A Nation of “Good Sports”‘? Cultural Citizenship and Sport in Contemporary Australia

| July 24, 2014

The national government and its agencies tend uncritically to reproduce the mythology of universal Australian love of sport. David Rowe is head of a project in ethnically diverse Greater Western Sydney, exploring if it still can be assumed that sport plays a unifying role in this country.

As the Commonwealth Games in Glasgow gets up to full speed soon after the Socceroos have returned from the World Cup in Brazil, it is timely to consider what sport means to a nation such as contemporary Australia.

Sportspeople engaged in international competitions are regarded as actual and symbolic representatives of Australia, and sport itself a key – perhaps defining – national cultural institution.  But sport and nation do not stand still, and their relationship changes with the various social and cultural tides, such as the globalisation of pastimes, the development of transnational cultures, and the movement of people and media across national borders.

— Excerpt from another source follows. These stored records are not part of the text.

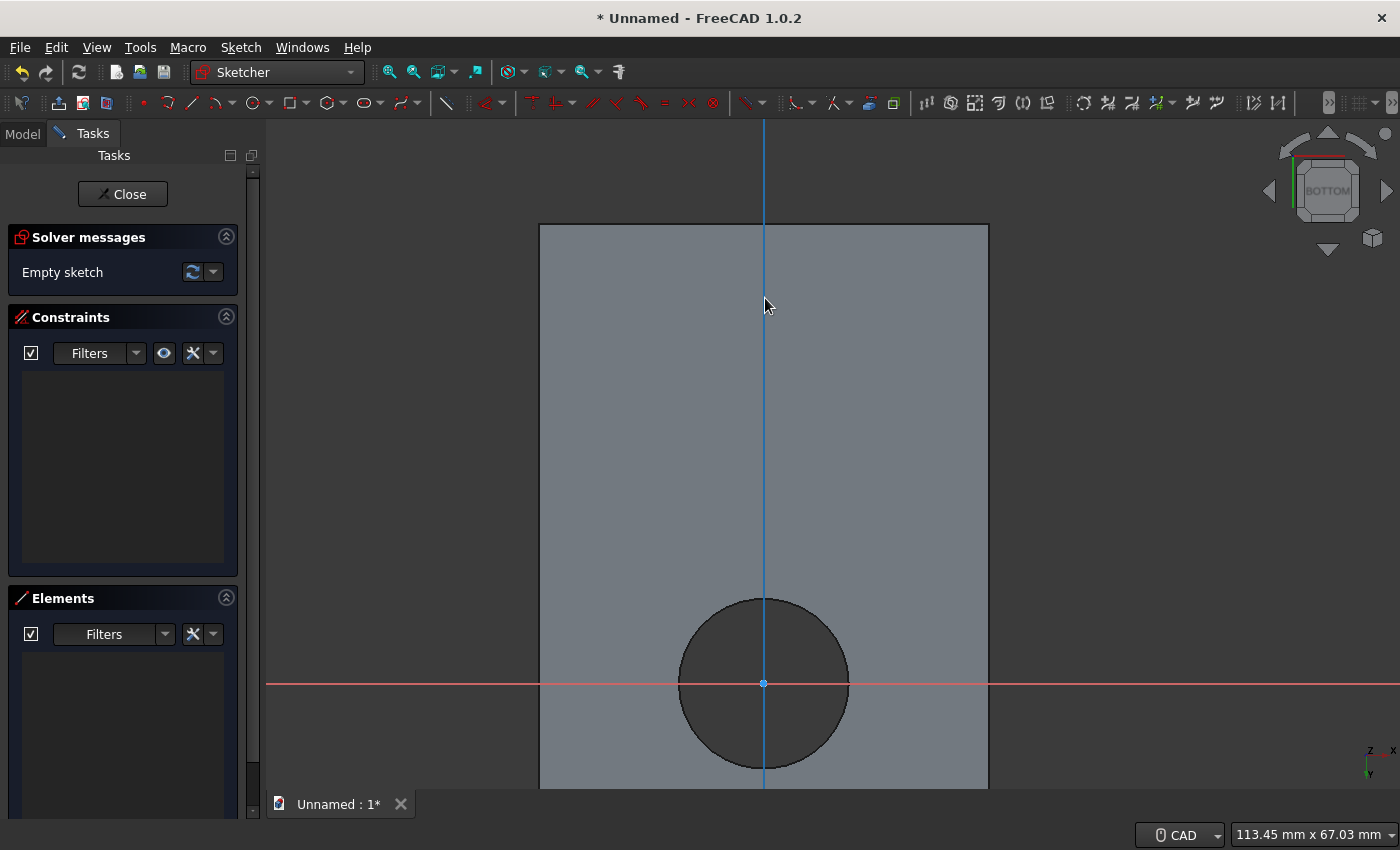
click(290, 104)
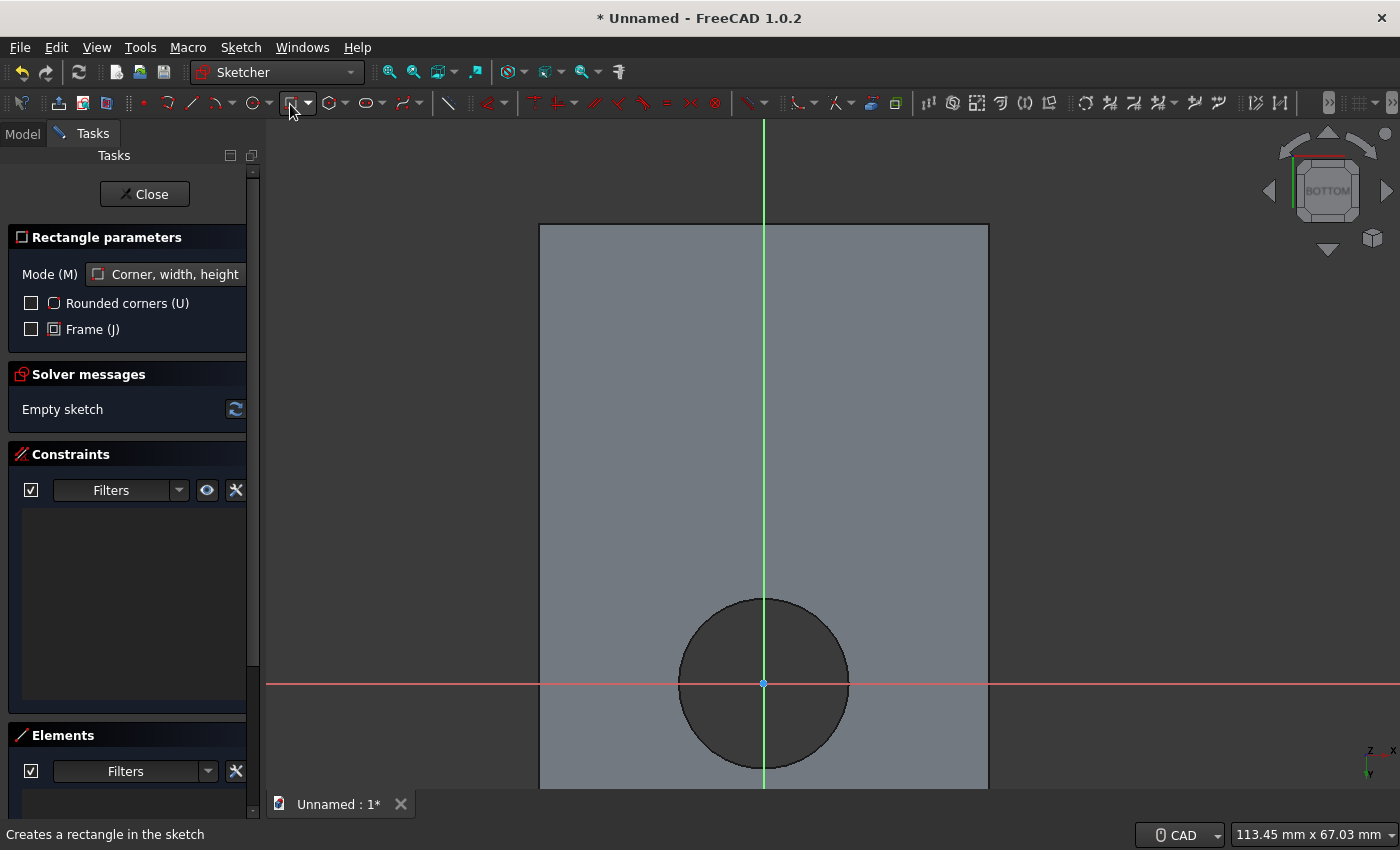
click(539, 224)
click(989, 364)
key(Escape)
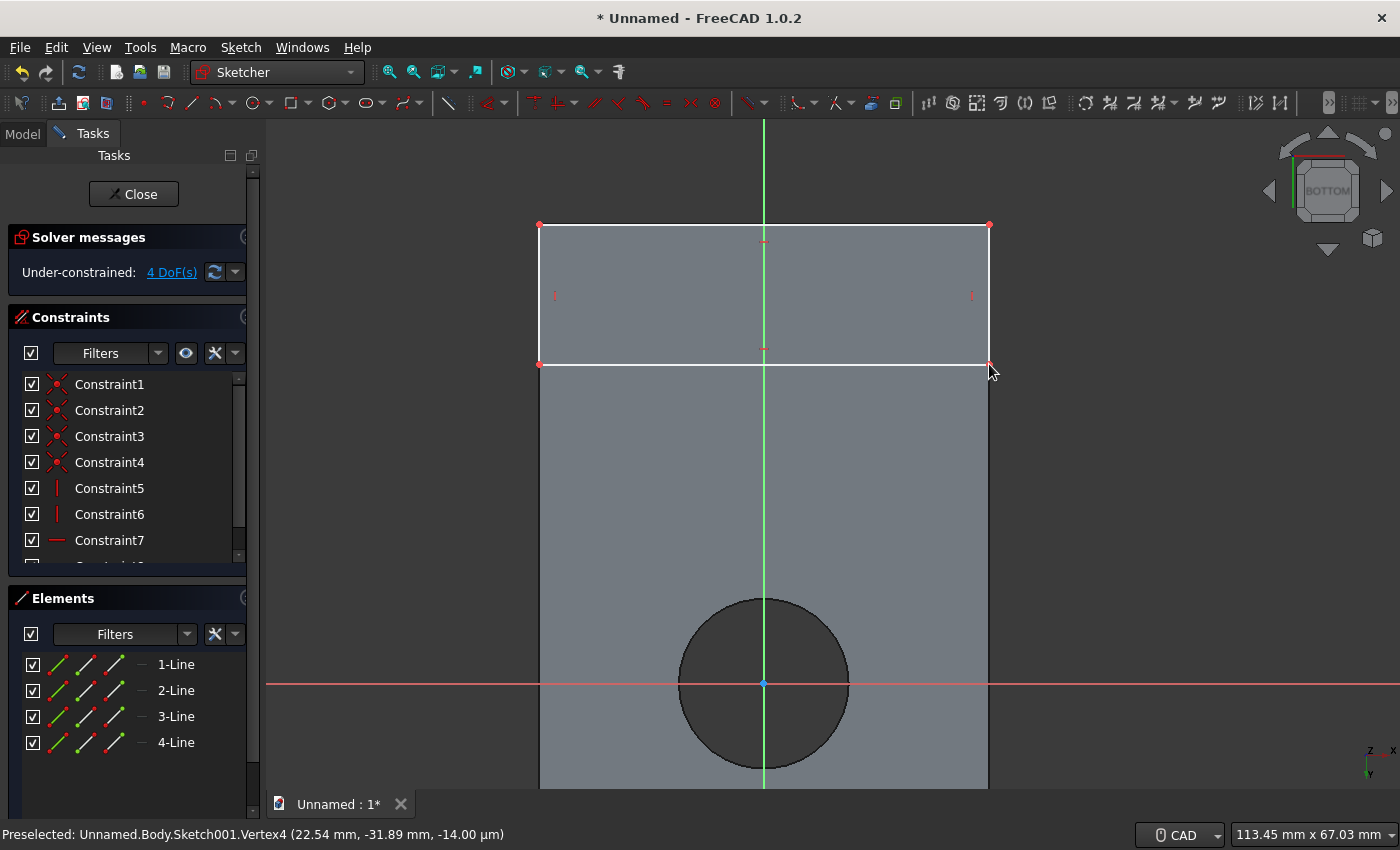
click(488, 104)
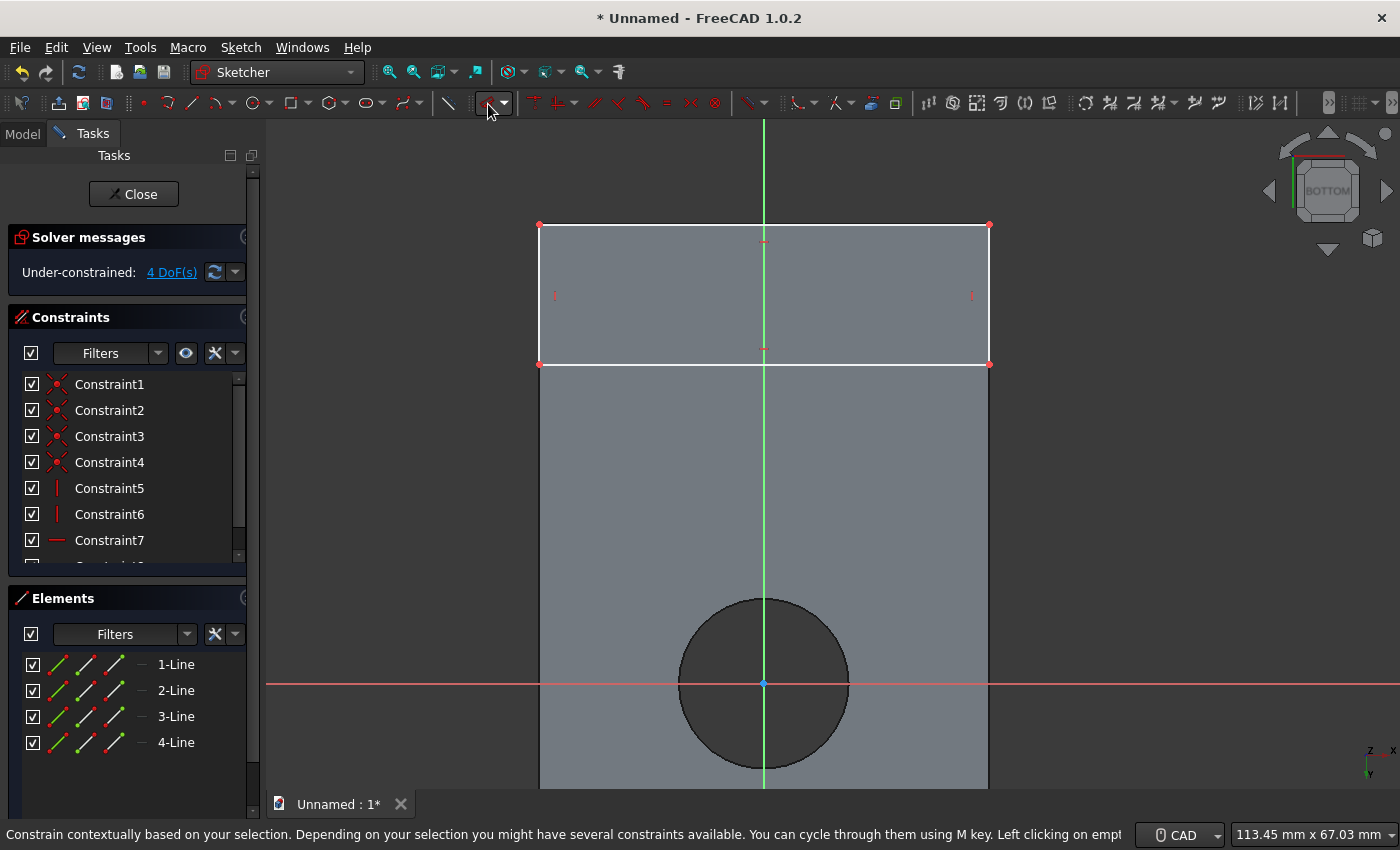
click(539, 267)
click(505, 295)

The Australian Research Council Discovery Project currently in progress of which I am Chief Investigator, A Nation of ‘Good Sports’? Cultural Citizenship and Sport in Contemporary Australia, addresses sport’s role regarding ‘cultural citizenship’, which broadly refers to how forms of culture (ranging from high art to cricket) operate in ways that foster a sense of inclusion or exclusion among citizens.

There is no more suitable place in Australia to conduct this study than Greater Western Sydney, Australia’s most ethnically diverse conurbation of approaching two million people. Many sports are vying for participants and spectators in the region, including four National Rugby League clubs, Australian Football League club the Greater Western Sydney Giants (founded in 2009), and A-League soccer club the Western Sydney Wanderers (founded in 2012).

But as the nation is in transition both in population size and in its multicultural composition, is the place of sport in question? With so many people connected to multiple countries and cultures, some of whom may prefer different sports than the usual ones celebrated in Australia, or who may not even care very much for sport at all, can it still be safely assumed that sport plays a unifying role in the country?

Of course, not everyone in Australia has been equally attached to sport, and some are even hostile to it as ‘mass distraction’. Similarly, sport can also be divisive, sometimes encouraging partisanship that spills over into violence, or is implicated in such social iniquities as xenophobia, racism, sexism and homophobia.

However, the national government and its agencies tend uncritically to reproduce the mythology of universal Australian love of sport and of sport’s uniformly positive impact on the nation. In fact, the research project’s title is taken from Australian Citizenship: Our Common Bond, the official information booklet designed to assist those taking the Australian citizenship test. It opens its section on ‘Australia’s identity’ with ‘Sport and recreation’, stating that, “Many Australians love sport and many have achieved impressive results at an international level.  We are proud of our reputation as a nation of ‘good sports’”.

This deep connection of ‘Australianness’ to sport is then linked to a bigger claim – that sport is inherently inclusive and so crucial to cultural citizenship: “Sport also provides a common ground that allows both players and spectators to feel included and a part of something that is important to Australian society”.

It is these assumptions – which here take on the status of official wisdom – that A Nation of ‘Good Sports’? explores through interviews and focus groups with people across Greater Western Sydney with various cultural backgrounds and histories.  I am interested in sport’s position (if any) in their lives – whether and what they play and watch, and, importantly, their use of various media sport platforms, including overseas sport programs available through satellite and the Internet.

Of particular relevance is the question of divided loyalties – how people negotiate the competing pressures to support Australian national teams and individuals when their households are intimately connected to other national cultures, including speaking another language in the home.

When the project is completed Australia may indeed be demonstrated to be A Nation of ‘Good Sports’, but the complexities of different sporting tastes and variable national loyalties are likely to sketch a rather different picture than that suggested by Donald Horne’s famous 1960s aphorism in The Lucky Country that, “Sport to many Australians is life and the rest a shadow.   

Perhaps the reverse will be shown in some cases – “Sport to many Australians is a shadow and the rest is life”. After all, 21st century Australia is a very different place and the sport-nation nexus is in various respects changing with it.